DATA LISTING:

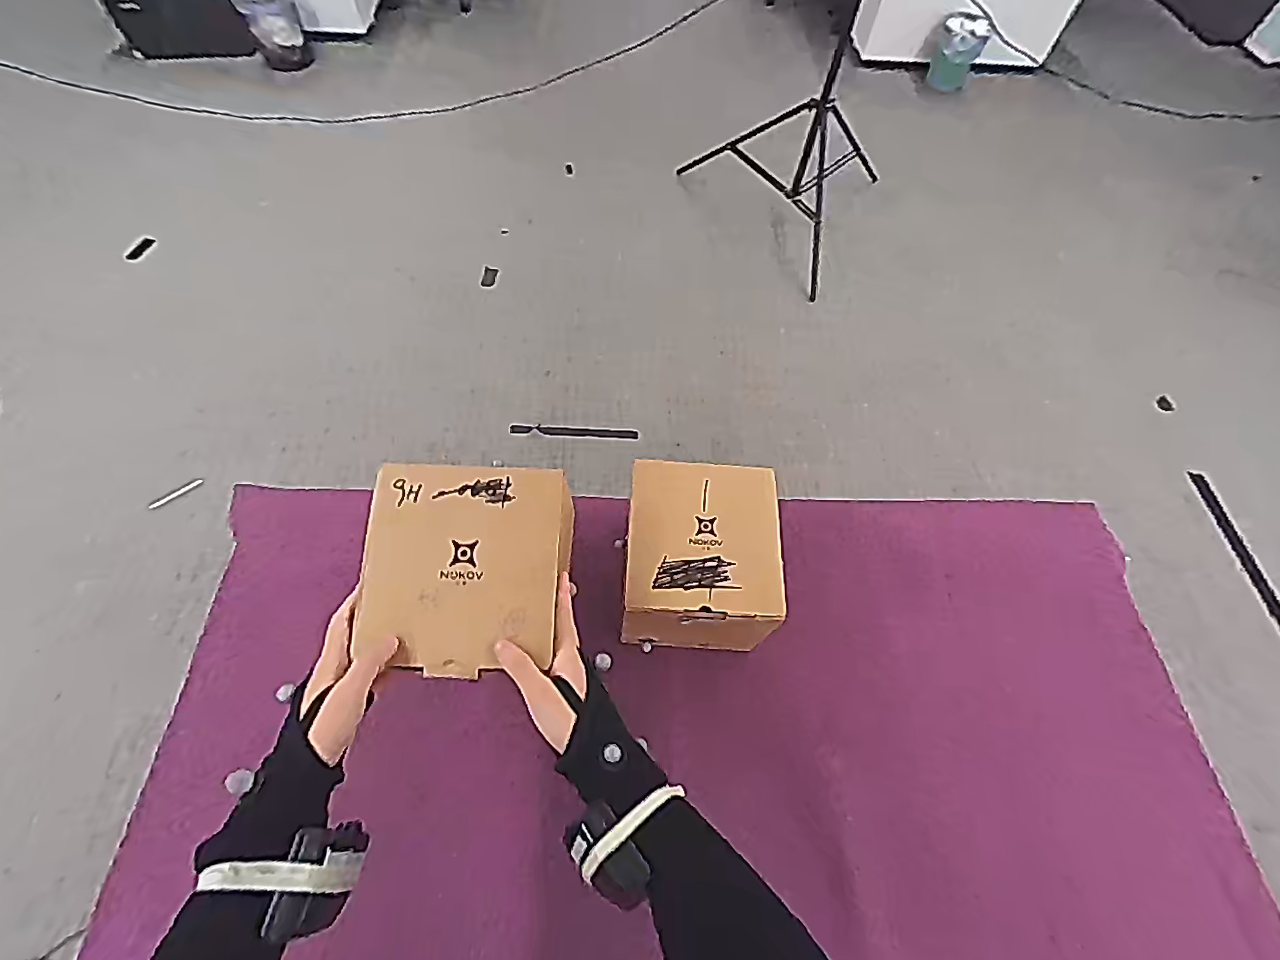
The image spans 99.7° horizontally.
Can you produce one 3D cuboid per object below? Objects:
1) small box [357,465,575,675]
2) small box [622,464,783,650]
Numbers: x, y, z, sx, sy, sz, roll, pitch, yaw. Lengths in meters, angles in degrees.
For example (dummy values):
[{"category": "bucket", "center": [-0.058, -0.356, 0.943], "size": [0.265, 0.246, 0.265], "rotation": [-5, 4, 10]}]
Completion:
[{"category": "small box", "center": [-0.155, 0.093, 0.544], "size": [0.168, 0.176, 0.179], "rotation": [3, 75, -4]}, {"category": "small box", "center": [0.066, 0.101, 0.653], "size": [0.168, 0.176, 0.179], "rotation": [4, 61, -1]}]
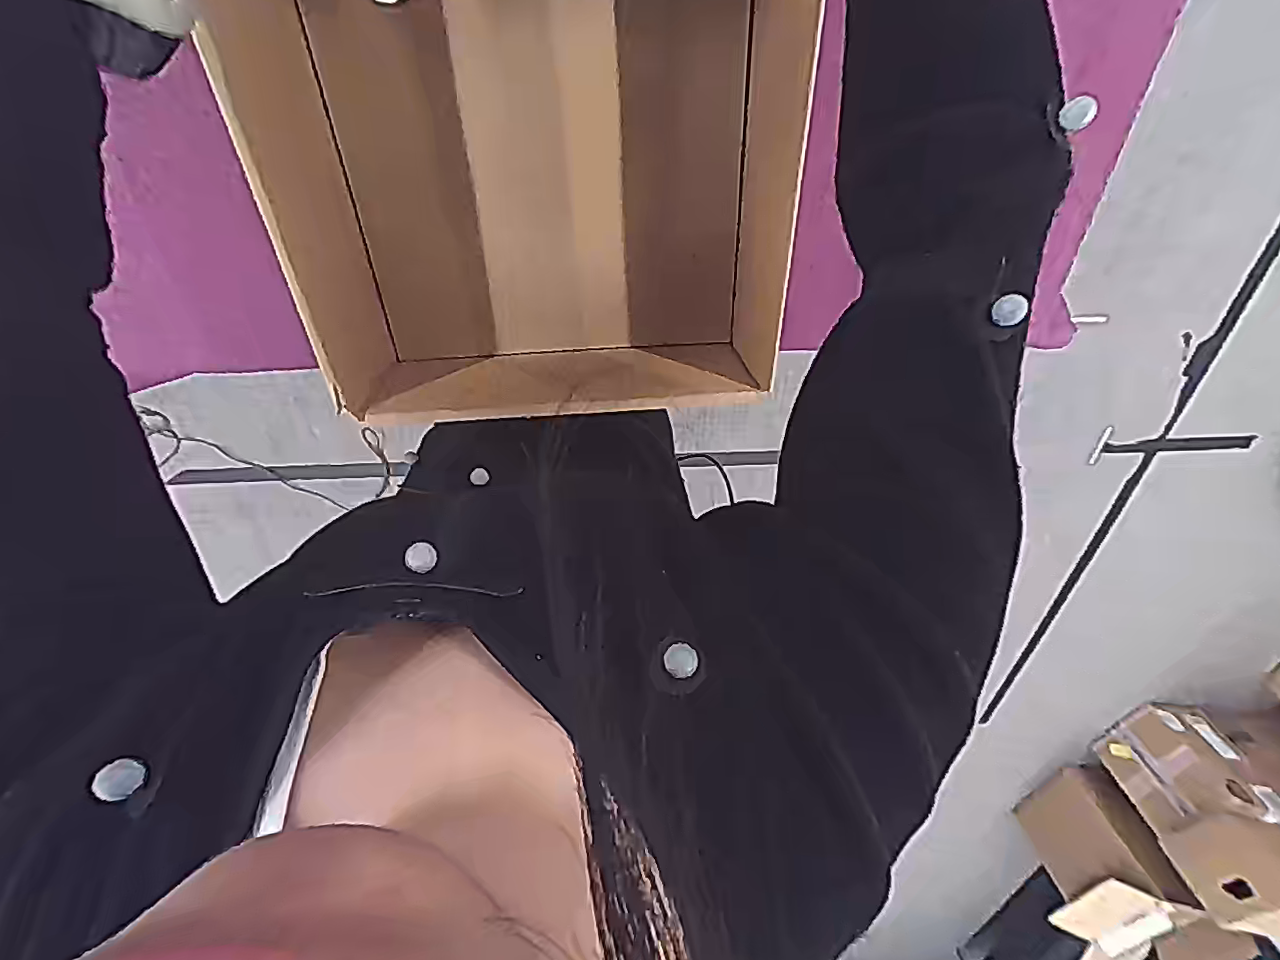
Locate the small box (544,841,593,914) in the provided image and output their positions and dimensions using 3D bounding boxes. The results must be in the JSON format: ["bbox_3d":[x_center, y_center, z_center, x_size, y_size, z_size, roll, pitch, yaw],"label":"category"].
[{"bbox_3d":[-0.255,1.423,1.944,0.168,0.176,0.179,0,123,-4],"label":"small box"}]

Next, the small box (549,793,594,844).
[{"bbox_3d":[-0.266,1.323,2.074,0.168,0.176,0.179,2,124,-6],"label":"small box"}]
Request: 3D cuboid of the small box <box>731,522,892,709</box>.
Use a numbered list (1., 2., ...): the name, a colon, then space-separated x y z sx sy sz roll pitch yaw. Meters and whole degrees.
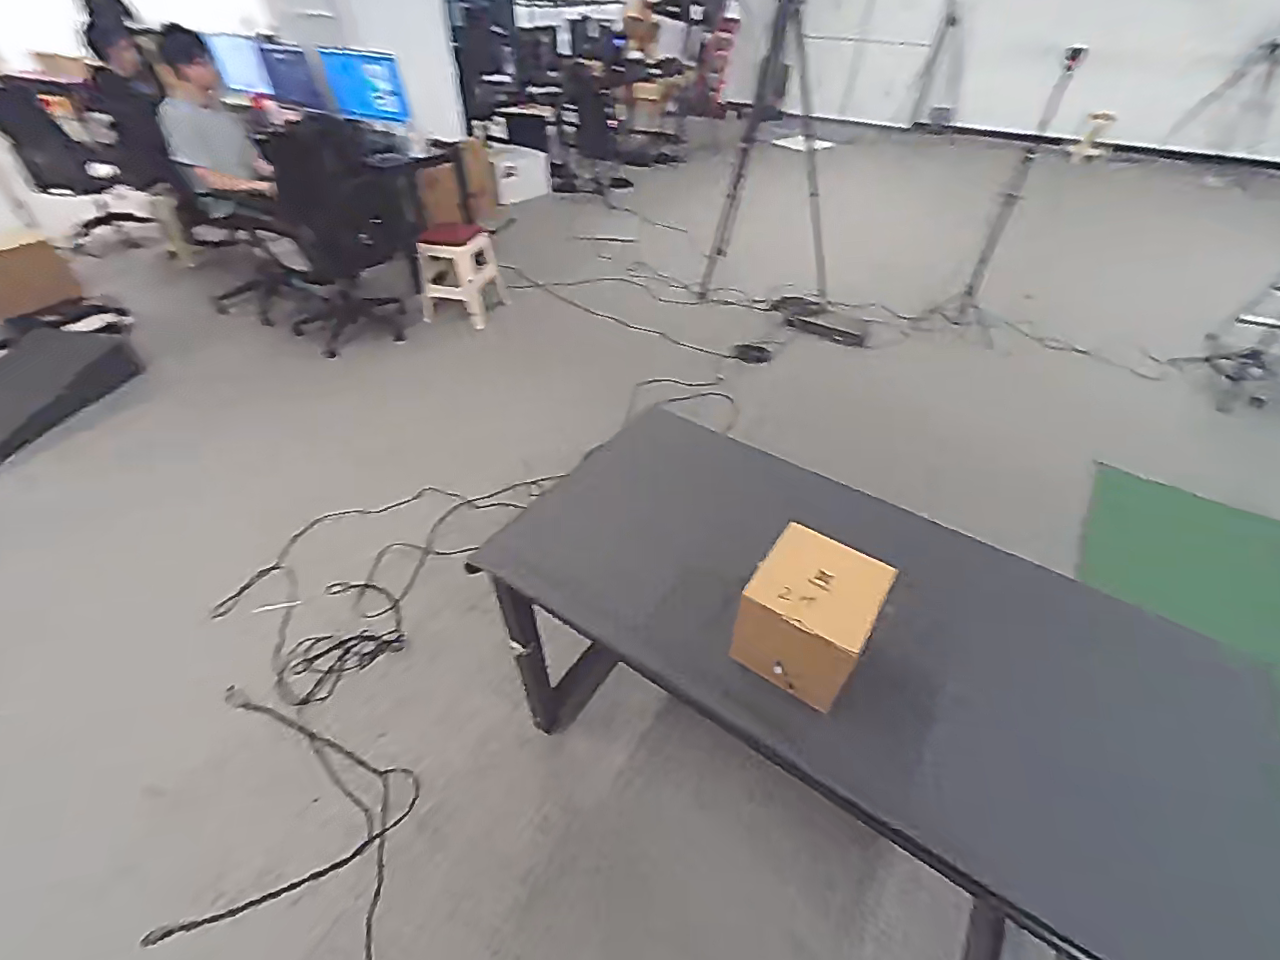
1. small box: 0.252 0.203 0.822 0.168 0.176 0.179 25 47 25
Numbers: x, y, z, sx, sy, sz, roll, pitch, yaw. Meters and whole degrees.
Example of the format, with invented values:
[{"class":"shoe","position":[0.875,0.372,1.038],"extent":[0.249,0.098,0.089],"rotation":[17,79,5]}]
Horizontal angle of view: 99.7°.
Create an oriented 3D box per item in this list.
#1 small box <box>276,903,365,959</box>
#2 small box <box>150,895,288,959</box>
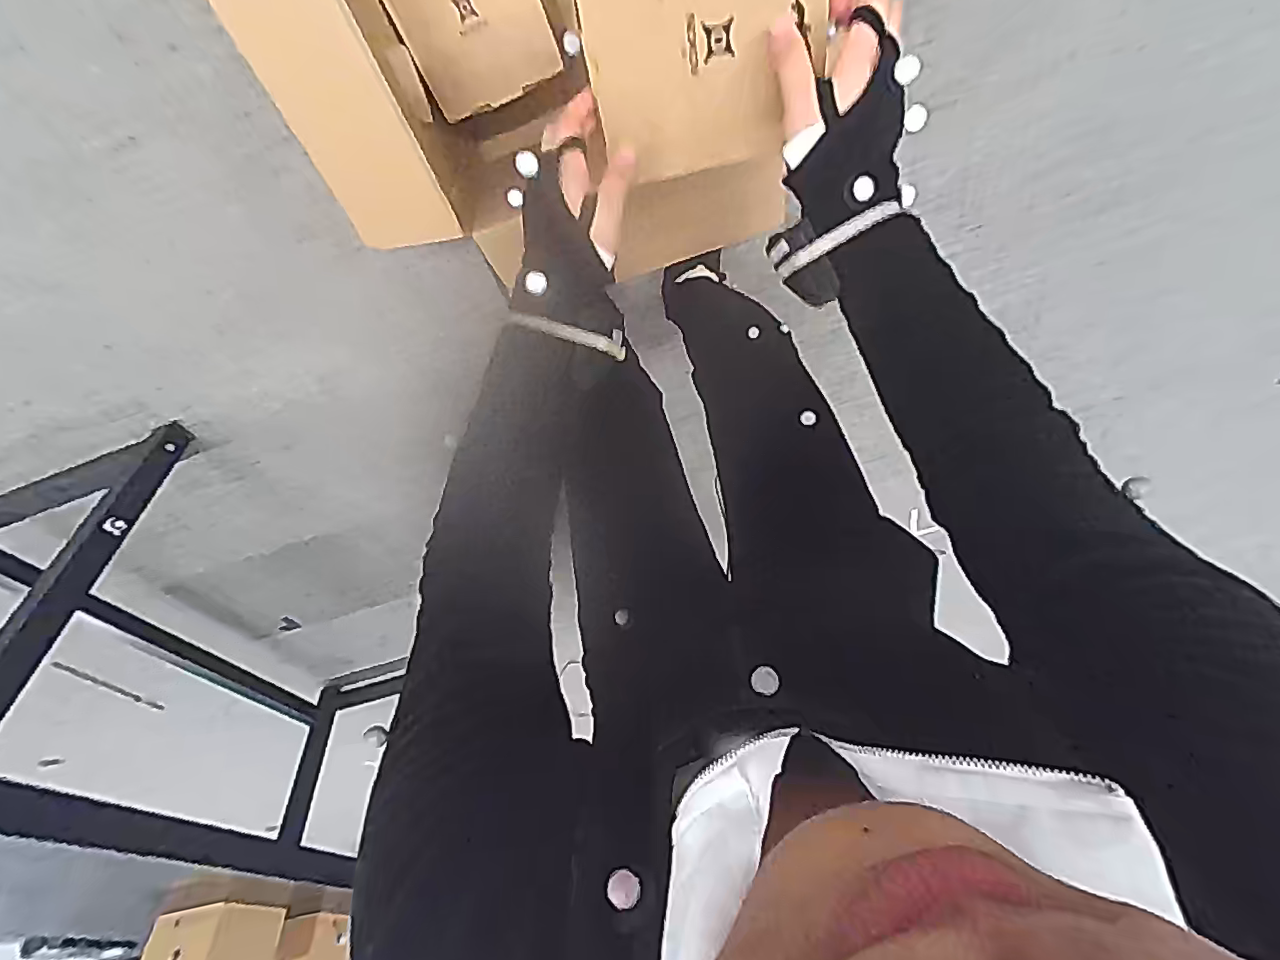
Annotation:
[{"class":"small box","position":[-0.814,1.166,1.327],"extent":[0.179,0.176,0.168],"rotation":[-19,135,8]},{"class":"small box","position":[-0.895,0.996,1.139],"extent":[0.168,0.176,0.179],"rotation":[-17,135,8]}]
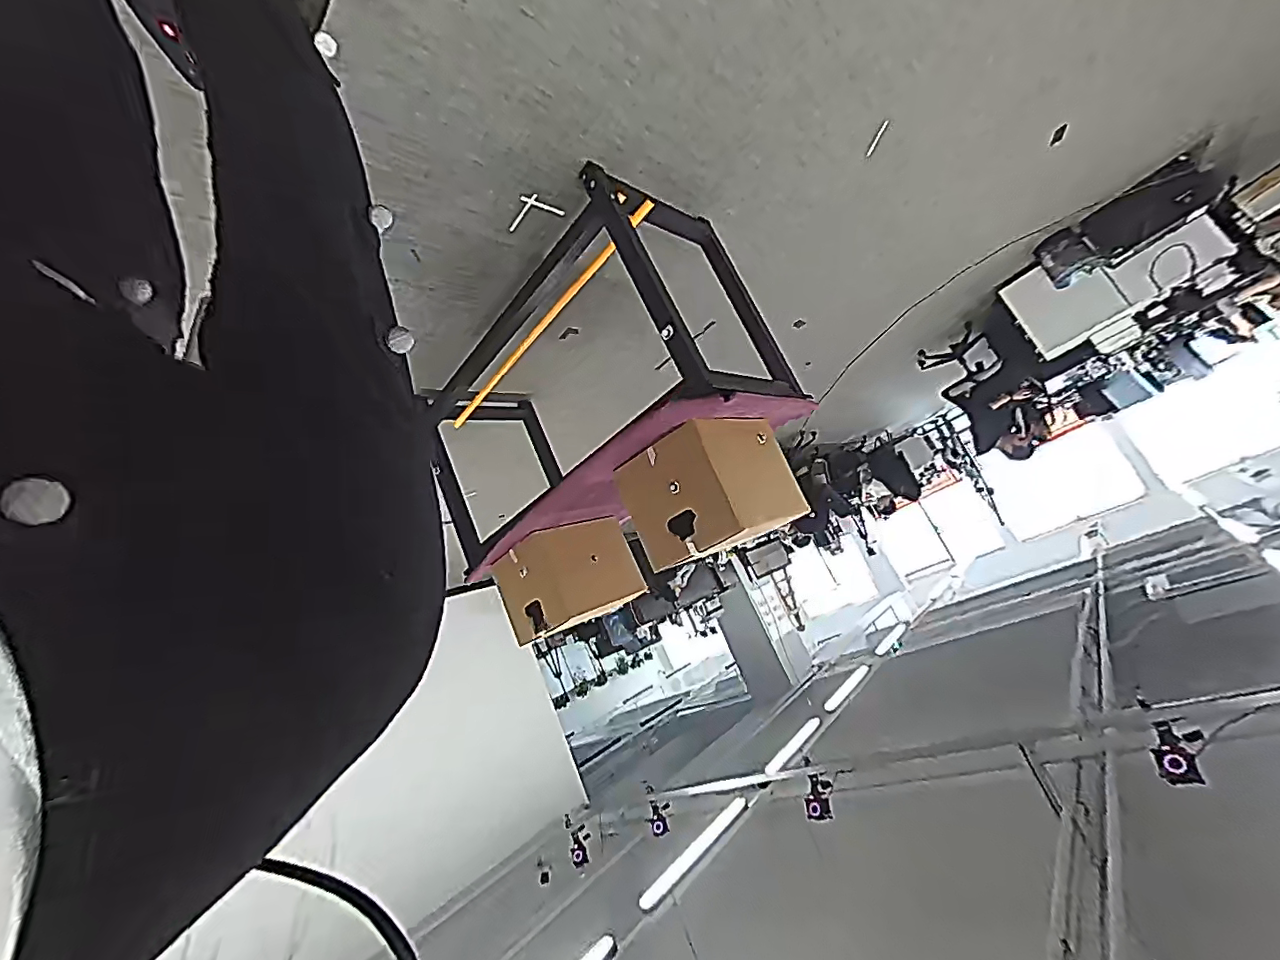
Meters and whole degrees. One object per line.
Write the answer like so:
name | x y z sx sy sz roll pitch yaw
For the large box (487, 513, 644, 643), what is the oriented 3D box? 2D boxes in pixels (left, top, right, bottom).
large box | -0.269 0.342 1.955 0.320 0.320 0.408 -34 164 37
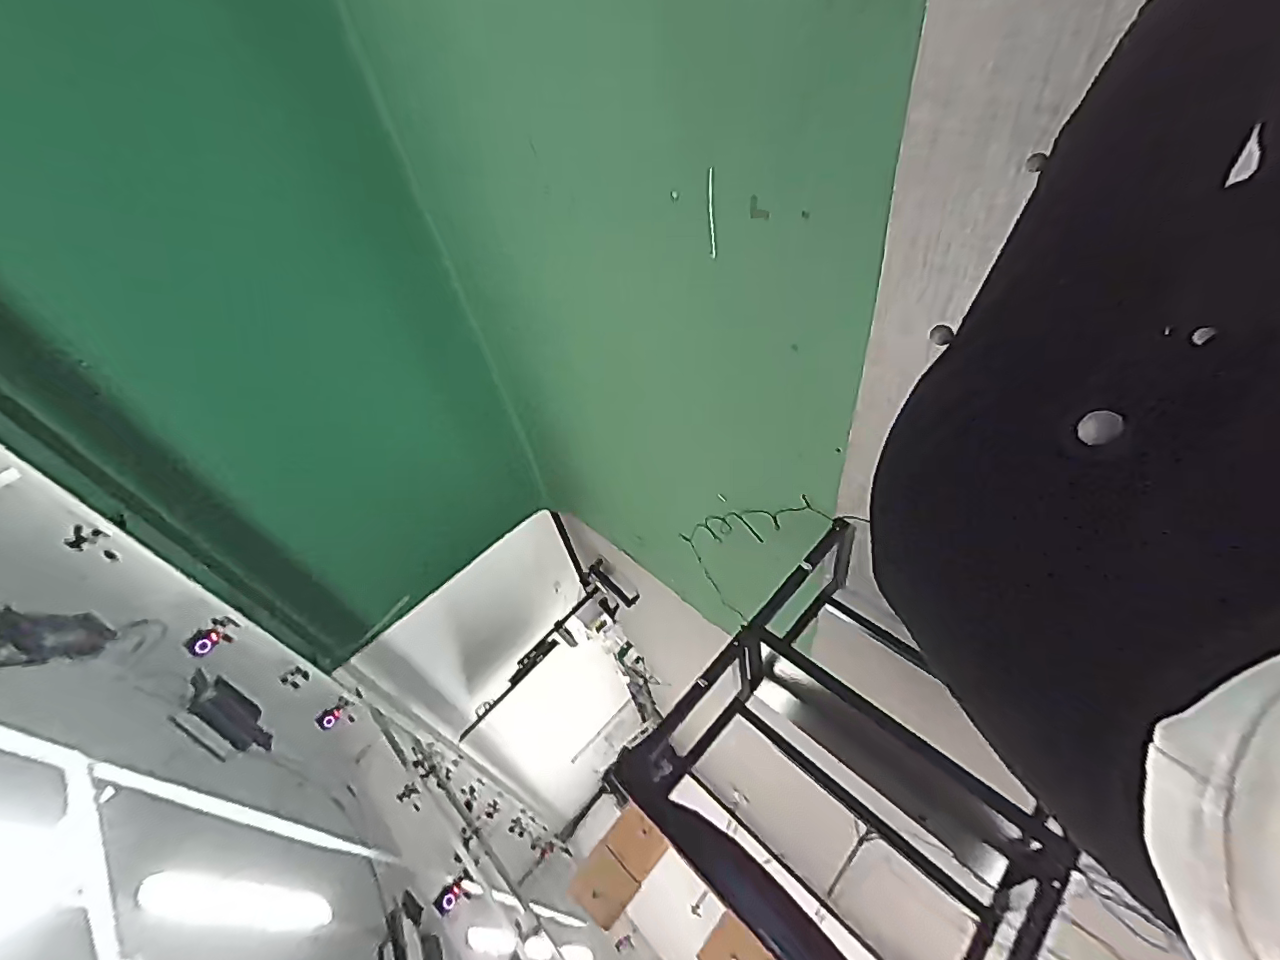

REQUIREMENT:
Among the records above, which lines hold the word "cuboid"? Copy each one.

TASK SOLUTION:
Can you produce one 3D cuboid per object below? Objects:
Request: 3D cuboid of the small box <box>731,522,892,709</box>.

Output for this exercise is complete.